29 Feb 2008

Update on the 'rejoice' root in Proto-Semitic

It's looking like I may have incorrectly cited the root 'to rejoice' as *[ḫdʔ] when it may really be *[ḫdw]. I just found the cognate in Ugaritic ḫdw online. However, the exact phonetic nature of the last so-called 'weak' consonant of this triliteral doesn't affect my conjecture that PIE *mad- may be from a contraction of Mid IE (MIE) *maxéda- to explain away the origin of *-a- here (i.e. through voicing and disappearance of laryngeal during Syncope) and that it may ultimately be borrowed from the passive participle of this Semitic root. So instead of what I wrote before (*mu-haddiʔ-u), it probably should be *mu-ḫaddiw-u (Akkadian muḫaddū) which would still end up in MIE as *maxéda- anyway. So I'm still sticking with it for now.
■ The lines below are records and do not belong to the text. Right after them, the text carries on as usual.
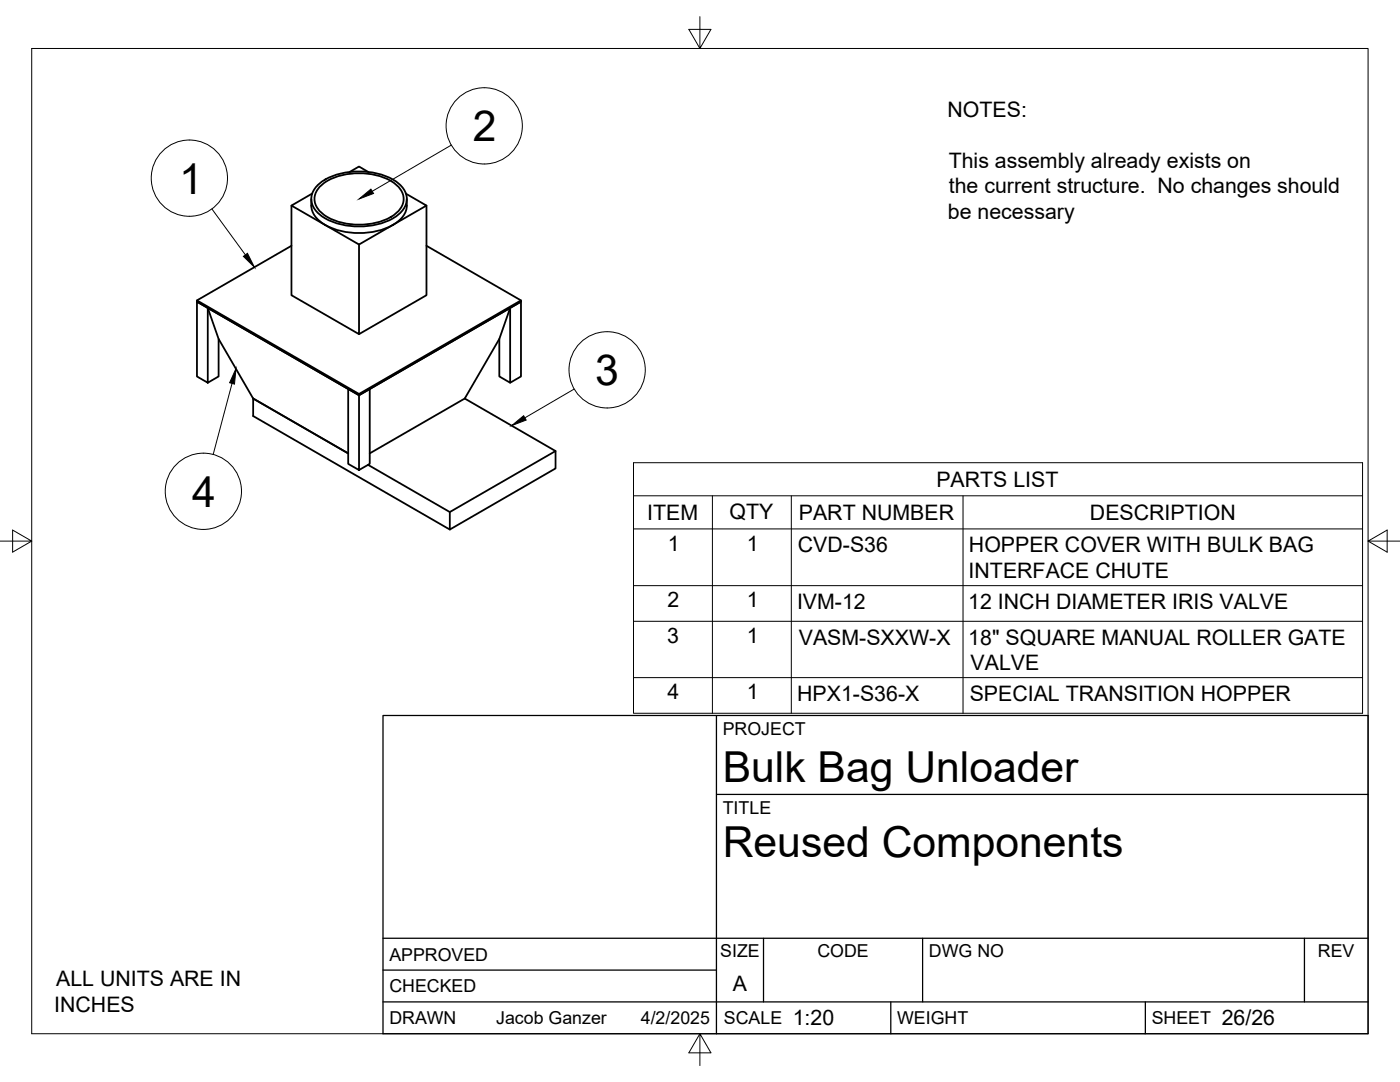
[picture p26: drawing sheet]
<svg xmlns="http://www.w3.org/2000/svg" width="279mm" height="216mm" viewBox="0 0 279 216" stroke-linecap="round" stroke-linejoin="round" font-family="sans-serif">
<defs><g id="words">
<g font-size="8.5">
<text x="94.4" y="28.2">2</text>
<text x="35.7" y="38.6">1</text>
<text x="118.8" y="76.8">3</text>
<text x="38.4" y="101.1">4</text>
<text x="144.3" y="156">Bulk Bag Unloader</text>
<text x="144.3" y="171">Reused Components</text>
</g>
<g font-size="4.3">
<text x="189.1" y="23.3">NOTES:</text>
<text x="189.3" y="33.5">This assembly already exists on</text>
<text x="189.4" y="38.5">the current structure. No changes should</text>
<text x="189.2" y="43.6">be necessary</text>
<text x="186.9" y="97.2">PARTS LIST</text>
<text x="129.2" y="103.8">ITEM</text>
<text x="145.6" y="103.7">QTY</text>
<text x="159.4" y="103.7">PART NUMBER</text>
<text x="217.5" y="103.8">DESCRIPTION</text>
<text x="133.3" y="109.9">1</text>
<text x="149" y="109.9">1</text>
<text x="159.2" y="110.2">CVD-S36</text>
<text x="193.4" y="110.2">HOPPER COVER WITH BULK BAG</text>
<text x="193.3" y="115.3">INTERFACE CHUTE</text>
<text x="133.2" y="121.2">2</text>
<text x="149" y="121.2">1</text>
<text x="159.1" y="121.5">IVM-12</text>
<text x="193.3" y="121.5">12 INCH DIAMETER IRIS VALVE</text>
<text x="133.1" y="128.3">3</text>
<text x="149" y="128.3">1</text>
<text x="159.4" y="128.6">VASM-SXXW-X</text>
<text x="193.3" y="128.6">18&quot; SQUARE MANUAL ROLLER GATE</text>
<text x="193.7" y="133.7">VALVE</text>
<text x="133.2" y="139.5">4</text>
<text x="149" y="139.5">1</text>
<text x="159.1" y="139.8">HPX1-S36-X</text>
<text x="193.5" y="139.8">SPECIAL TRANSITION HOPPER</text>
<text x="11.2" y="196.7">ALL UNITS ARE IN</text>
<text x="146.3" y="197.7">A</text>
<text x="10.8" y="201.8">INCHES</text>
<text x="158.2" y="204.6">1:20</text>
<text x="243.8" y="204.6">26/26</text>
</g>
<g font-size="3.5">
<text x="144.3" y="146.6">PROJECT</text>
<text x="144.3" y="162.3">TITLE</text>
<text x="77.7" y="191.7">APPROVED</text>
<text x="143.7" y="191">SIZE</text>
<text x="163.1" y="191">CODE</text>
<text x="185.4" y="191">DWG NO</text>
<text x="263" y="191">REV</text>
<text x="77.7" y="198">CHECKED</text>
<text x="77.7" y="204.4">DRAWN</text>
<text x="99" y="204.4">Jacob Ganzer</text>
<text x="127.9" y="204.4">4/2/2025</text>
<text x="144.5" y="204.4">SCALE</text>
<text x="179" y="204.4">WEIGHT</text>
<text x="229.8" y="204.4">SHEET</text>
</g>
</g></defs>
<!-- layer: Visible -->
<g fill="none" stroke="#000" stroke-width=".36">
<path d="M62.1 39.7a4.8 4.8 0 0 0 2.8 5.2M62.3 38.6l-4.1 2.4 6.7 3.9M63.3 37.1a12.3 12.3 0 0 1 9.6-2.8 10.2 10.2 0 0 1 7.7 3.5 3.7 3.7 0 0 1-1.3 5.2 14.3 14.3 0 0 1-15.3 0 3.7 3.7 0 0 1-.7-5.9zM63.8 37.3a11.5 11.5 0 0 1 9-2.7 9.5 9.5 0 0 1 7.2 3.3 3.4 3.4 0 0 1-1.2 4.9 13.4 13.4 0 0 1-14.3 0 3.5 3.5 0 0 1-.7-5.5zM69.7 34.3l1.9-1.1 1.9 1.1M81 38.6l4.1 2.4-6.7 3.9M81.2 39.7a4.8 4.8 0 0 1-2.8 5.2M58.2 41v17.9l13.4 7.8v-17.9M58.2 49l-18.9 10.9M64.9 44.9l6.7 3.9 6.8-3.9M64.9 44.9a14.9 14.9 0 0 0 13.5 0M85.1 41v17.9l-13.5 7.8"/>
<path d="M85.1 49l18.9 10.9M43.6 67.6v7.5l-2.1 1.3v-15l-2.2-1.2v14.9l2.2 1.3M50.5 79.5l19 11M50.5 79.5v3.5l39.3 22.7M69.5 77.6l2.1 1.3v14.9l-2.1-1.2zM69.5 77.6l-28-16.2 2.1 6.2 6.9 11.9M71.6 78.6l32.4-18.7v.3l-32.4 18.7zM73.8 77.6l-2.2 1.3-32.3-18.7v-.3l32.3 18.7M73.8 77.6v15l-2.2 1.2M73.8 77.6l28-16.2-2.1 6.2-6.9 11.9M92.8 79.5l18.1 10.5-21.1 12.2-16.4-9.4M92.8 79.5l-19 11"/>
<path d="M99.7 67.6v7.5l2.1 1.3v-15l2.2-1.2v14.9l-2.2 1.3M110.9 90v3.5l-21.1 12.2v-3.5"/>
</g>
<!-- layer: Border -->
<path d="M6.3 9.7h266.7v196.6h-266.7zM139.7 3.3v6.4l2.2-3.8h-4.4l2.2 3.8M0 108h6.3l-3.8-2.2v4.4l3.8-2.2M273 108l3.8 2.2v-4.4l-3.8 2.2h6.4M139.7 206.3l-2.2 3.8h4.4l-2.2-3.8v6.3" fill="none" stroke="#000" stroke-width=".2"/>
<!-- layer: Titleblock -->
<path d="M76.4 142.8h196.6v63.5h-196.6zM143 158.5h130M143 142.8v63.5M76.4 199.9h196.6M76.4 193.6h66.6M76.4 187.2h196.6M152.4 187.2v12.7M177.8 199.9v6.4M184.1 187.2v12.7M228.6 199.9v6.4M260.3 187.2v12.7" fill="none" stroke="#000" stroke-width=".25"/>
<!-- layer: Parts Lists -->
<path d="M126.4 92.3h145.5v50h-145.5zM126.4 98.9h145.5M142.2 98.9v43.4M157.9 98.9v43.4M192.2 98.9v43.4M126.4 105.5h145.5M126.4 116.9h145.5M126.4 124h145.5M126.4 135.2h145.5" fill="none" stroke="#000" stroke-width=".2"/>
<!-- layer: Balloons -->
<g fill="none" stroke="#000" stroke-width=".2">
<circle cx="37.8" cy="35.6" r="7.6"/>
<circle cx="96.6" cy="25.1" r="7.6"/>
<circle cx="121.2" cy="73.8" r="7.6"/>
<circle cx="40.6" cy="98" r="7.6"/>
</g>
<!-- layer: 0 -->
<path d="M71.6 39.7l2.4-2 .5 .9zM48.6 51.2l.8-.7 1.4 2.8zM47.1 73.6l-.3 3-1-.2zM102.1 84.9l2.4-1.9 .5 .8z" fill="#000" stroke="#000" stroke-width=".2"/>
<path d="M90.1 29l-15.8 9.2M42.3 41.7l6.7 9.2M46.3 76.5l-3.8 14.2M114.6 77.6l-9.8 5.8" fill="none" stroke="#000" stroke-width=".2"/>
<use href="#words"/>
</svg>

Like I stressed before, I realize this is just a tentative conjecture but it's not a random conjecture. The brainstorming ideas that I blog about should be understood within the context of two of my observations about long-range linguistics: a) that Nostraticists need to focus on more recent loans first before reconstructing Proto-Nostratic roots blindly, and b) that conservative IEists need to get it through their stubborn noodles that PIE didn't evolve in a bubble but was most definitely affected by neighbouring languages in a much more extensive way than is currently stated in textbooks. We need to figure out exactly what happened instead of chalking it up to 'a mystery'. (I have more contemplations about Semitic loans in MIE in the near future that I need to get off my chest and I want to tackle the borrowing hierarchy mentioned in Elsik/Matras, Markedness and Language Change: The Romani Sample (2006), p.320 which I cited in Borrowing copulas - Never say never because there are more tasty connections I've noticed between Indo-European & Semitic that tie into this model nicely.)